Fondé en 1904, Marit fabriquait d’abord des clous et des chaînes à destination des péniches, des trains ou des mines locales. Les forgerons jugeaient la température de l’acier à l'œil, et frappaient le métal à coups de marteau. Un siècle plus tard, l’électricité et les machines sont venues en renfort, mais la société est restée dans la famille. «J’appartiens à la cinquième génération», sourit Guillaume Marit, son directeur commercial. Avec ses 40 salariés et un chiffre d’affaires de 10 millions d’euros en 2024, Marit fait figure de petite entreprise. Mais ses chaînes massives séduisent les géants, et servent aussi bien à la Marine nationale qu’à TotalEnergies, pour ses chantiers pétroliers et gaziers.
Les chaînes de Marit à bord du porte-avions Charles-de-Gaulle
L’une des plus grandes réussites de Marit : les 600 mètres de chaînes de mouillage et l’ancre du porte-avions Charles-de-Gaulle. Les grandes heures de la métallurgie nordiste ont beau appartenir au passé, Marit a su traverser les frontières. La moitié des ventes sont ainsi réalisées en Europe, tandis que l’autre moitié se répartit entre le Moyen-Orient (19%), l’Afrique (16%) et le reste du monde (14%). Parmi ses dernières prises, une commande à plusieurs centaines de milliers d’euros pour Sumed, un acteur égyptien du secteur pétrolier. «Pour travailler avec la défense et les industries pétrolières, il faut répondre à des exigences de qualité élevées», souligne Guillaume Marit.

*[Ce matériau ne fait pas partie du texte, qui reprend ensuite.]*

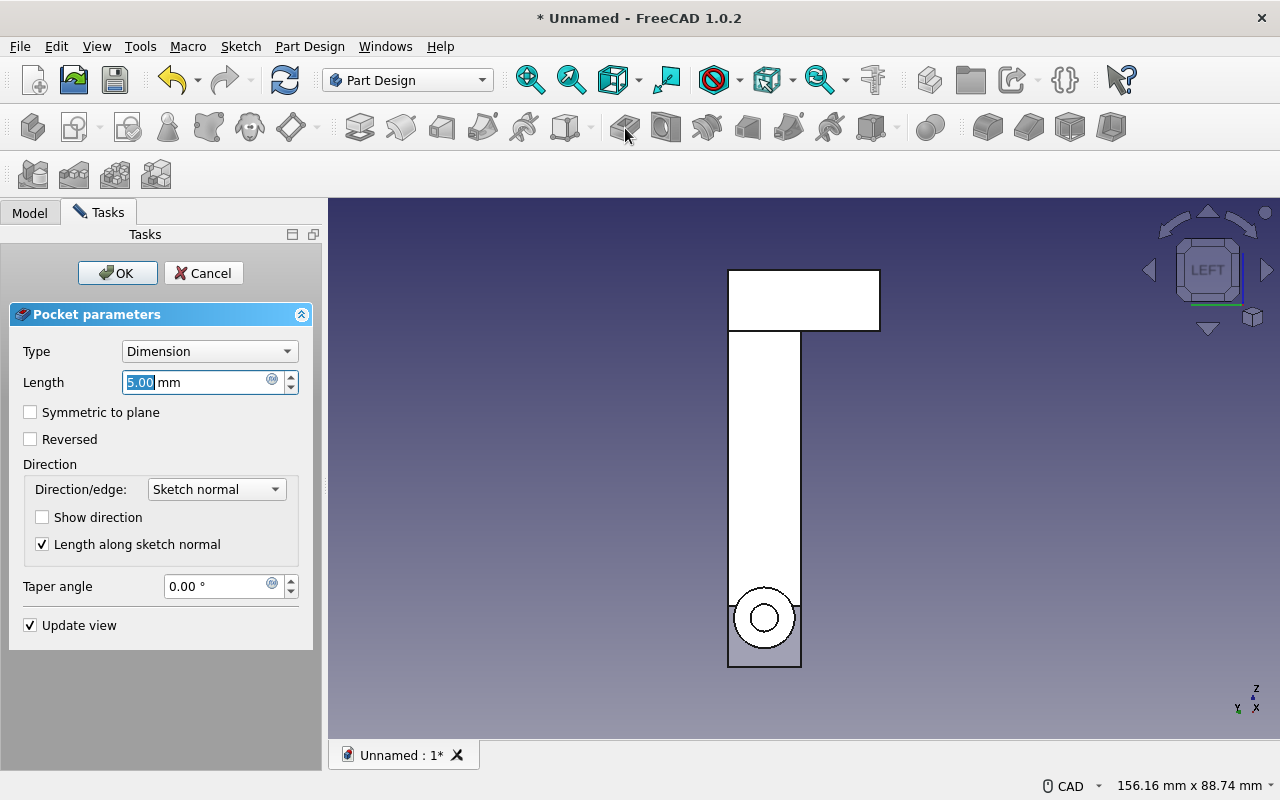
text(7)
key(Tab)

Courants marins, tempêtes, eaux polluées… Les chaînes doivent en effet affronter des conditions extrêmes. Pour en éprouver la résistance, l’usine dispose d’un banc de traction de 850 tonnes, un chevalet de torture géant. Et les microfissures susceptibles de se nicher à l’intérieur des soudures sont traquées grâce à des tests par ultrasons, comme pour une échographie. Il faut dire que les enjeux financiers sont élevés. «Une défaillance sur une ligne d'ancrage pourrait engendrer plusieurs millions d'euros de pertes d'exploitation par jour. Ce genre de problèmes reste exceptionnel et, à ce jour, Marit n'y a jamais été confronté», insiste Guillaume Marit, qui doit tout de même naviguer dans des eaux tumultueuses.

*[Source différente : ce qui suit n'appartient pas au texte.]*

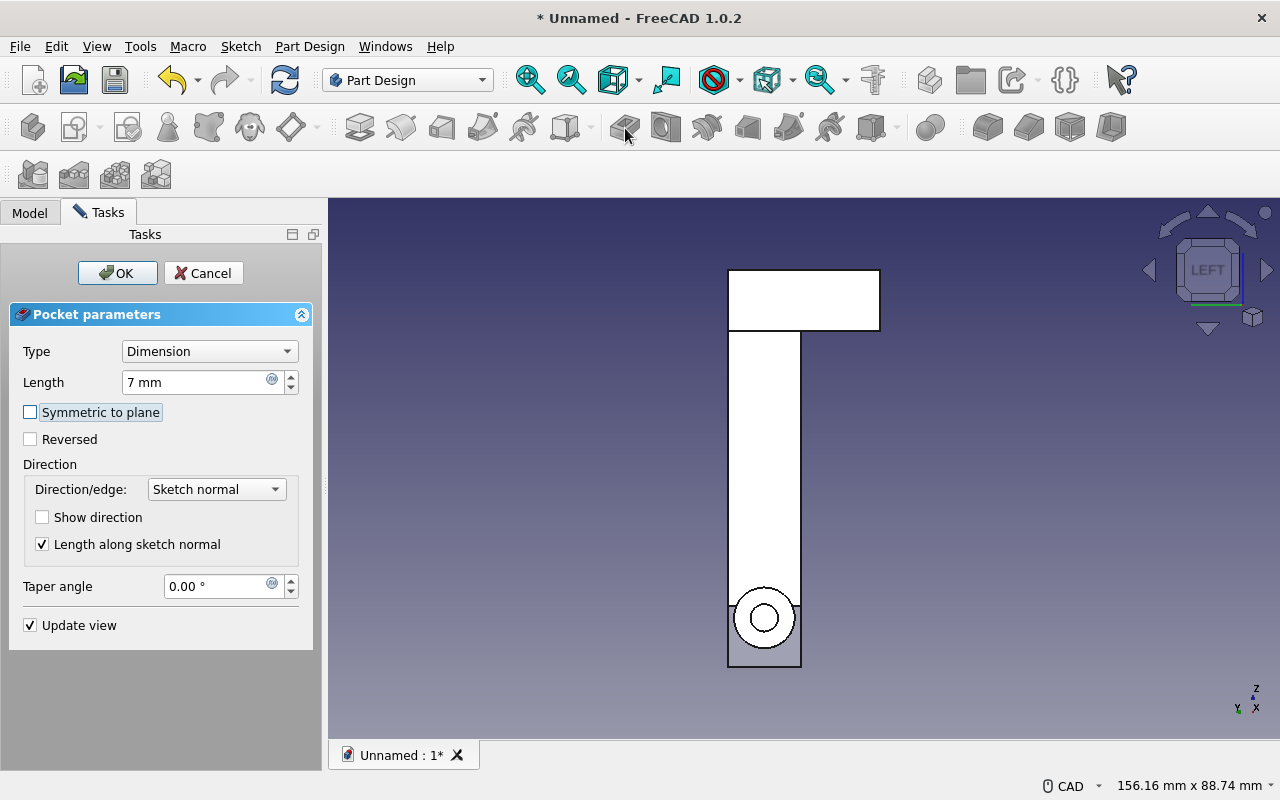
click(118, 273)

Guerre commerciale : des eaux tumultueuses pour l'industrie française
Peu présent aux Etats-Unis, Marit ne devrait pas souffrir des tarifs douaniers imposés par l’administration Trump. Mais la récession mondiale que ces barrières commerciales risquent de provoquer reste un sujet pour l’entreprise, dont l’activité dépend à 38% du secteur pétrolier (contre 51% pour le maritime). «Dès que le cours du baril baisse, les nouveaux projets et les contrats de maintenance sont gelés ou restreints», rappelle Guillaume Marit. Certes, le réarmement de l’Europe pourrait déboucher sur de nouvelles commandes. Reste à savoir si l’armée française favorisera le pavillon tricolore.

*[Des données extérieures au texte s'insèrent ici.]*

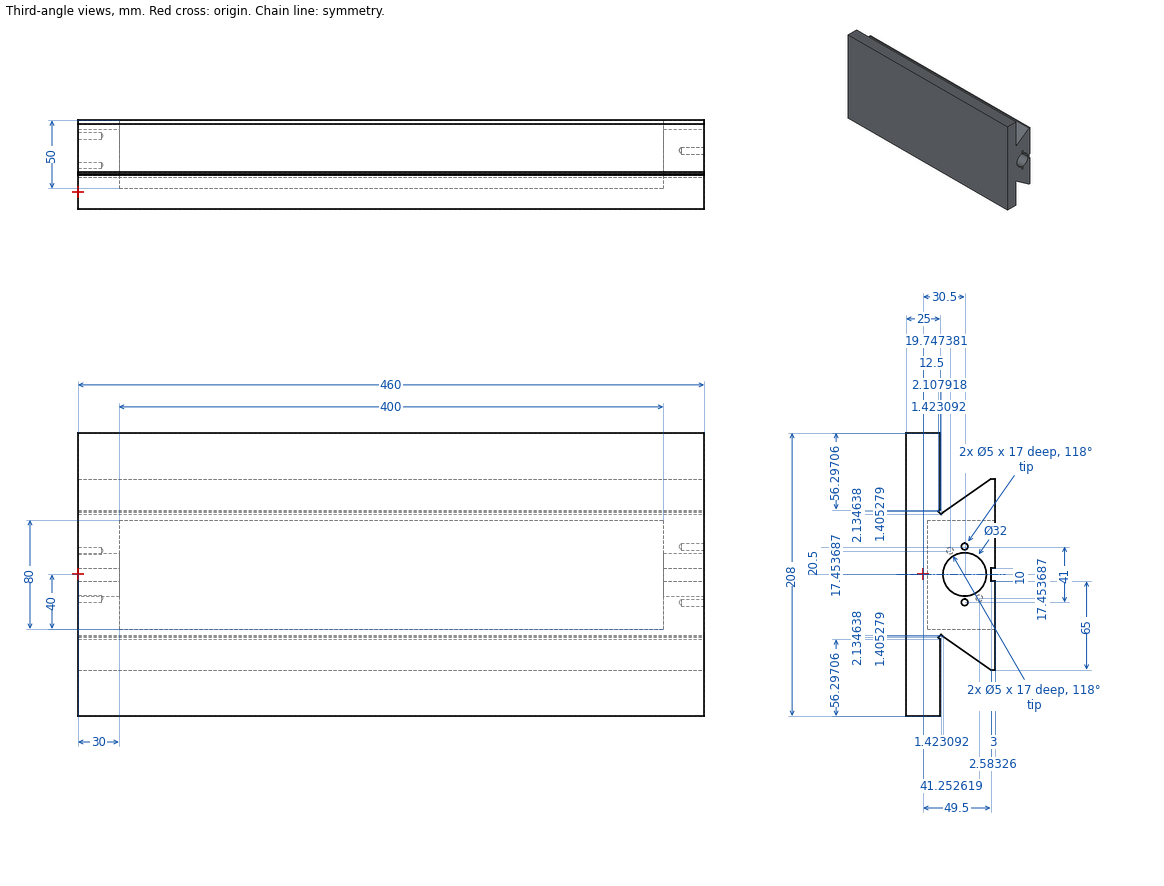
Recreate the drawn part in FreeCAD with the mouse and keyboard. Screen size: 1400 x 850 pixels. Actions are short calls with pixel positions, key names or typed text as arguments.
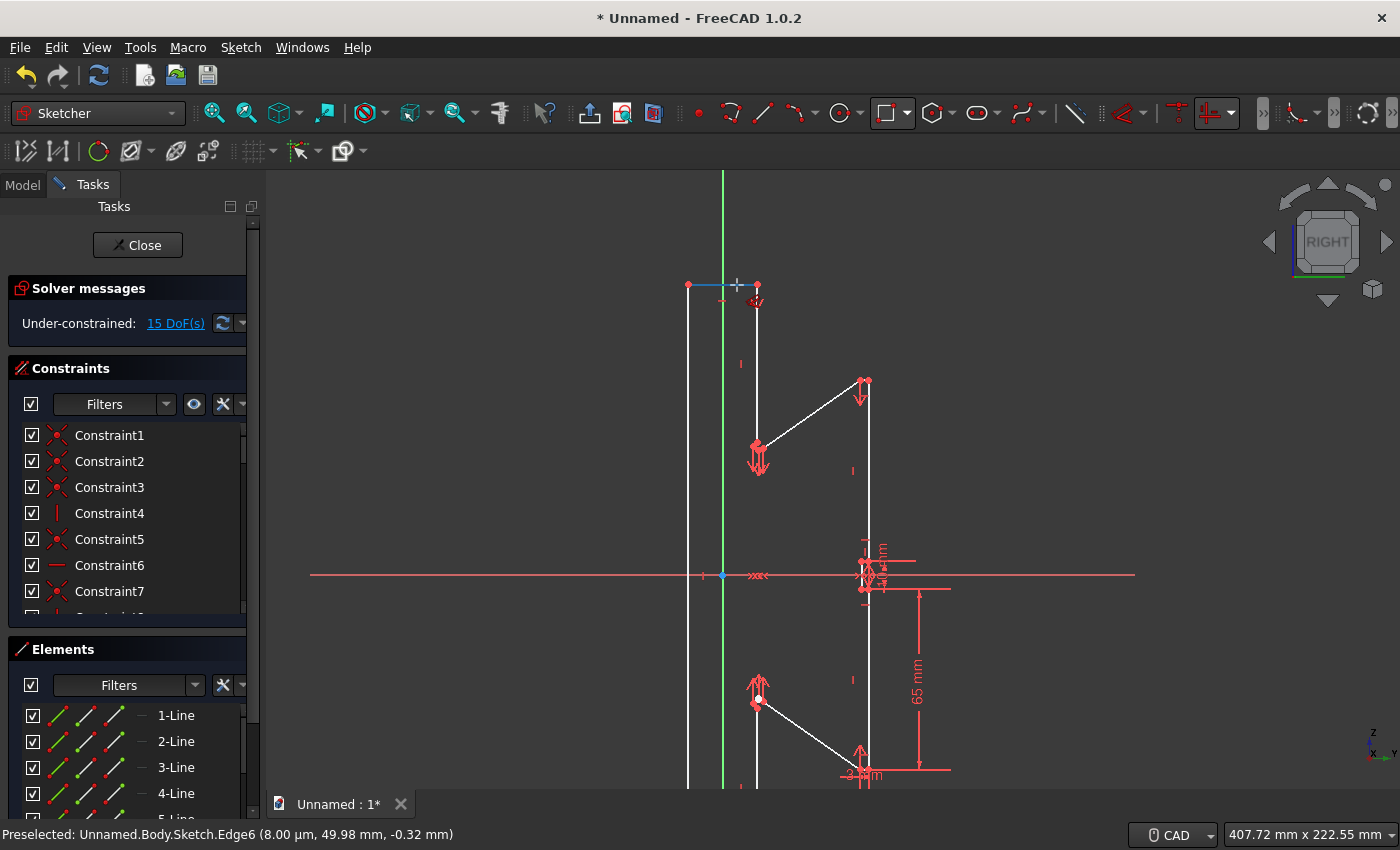
click(736, 285)
click(707, 251)

«L'origine de la production n'est pas prise en compte pour l'attribution des marchés militaires sur ce type de fournitures. Cela pourrait ouvrir la porte à une concurrence internationale élargie», s’inquiète Guillaume Marit. Le directeur commercial doit aussi s’adapter au tempo des chantiers navals : les contrats, réfléchis pendant des années, ne se renouvellent que lentement, les équipements pouvant durer des décennies. A l’image du porte-avions Charles-de-Gaulle, qui embarque les mêmes chaînes depuis sa mise à l’eau, en 1994 ! «D’une certaine façon, nous sommes écologiques. Nous ne faisons pas d’obsolescence programmée», se félicite Guillaume Marit.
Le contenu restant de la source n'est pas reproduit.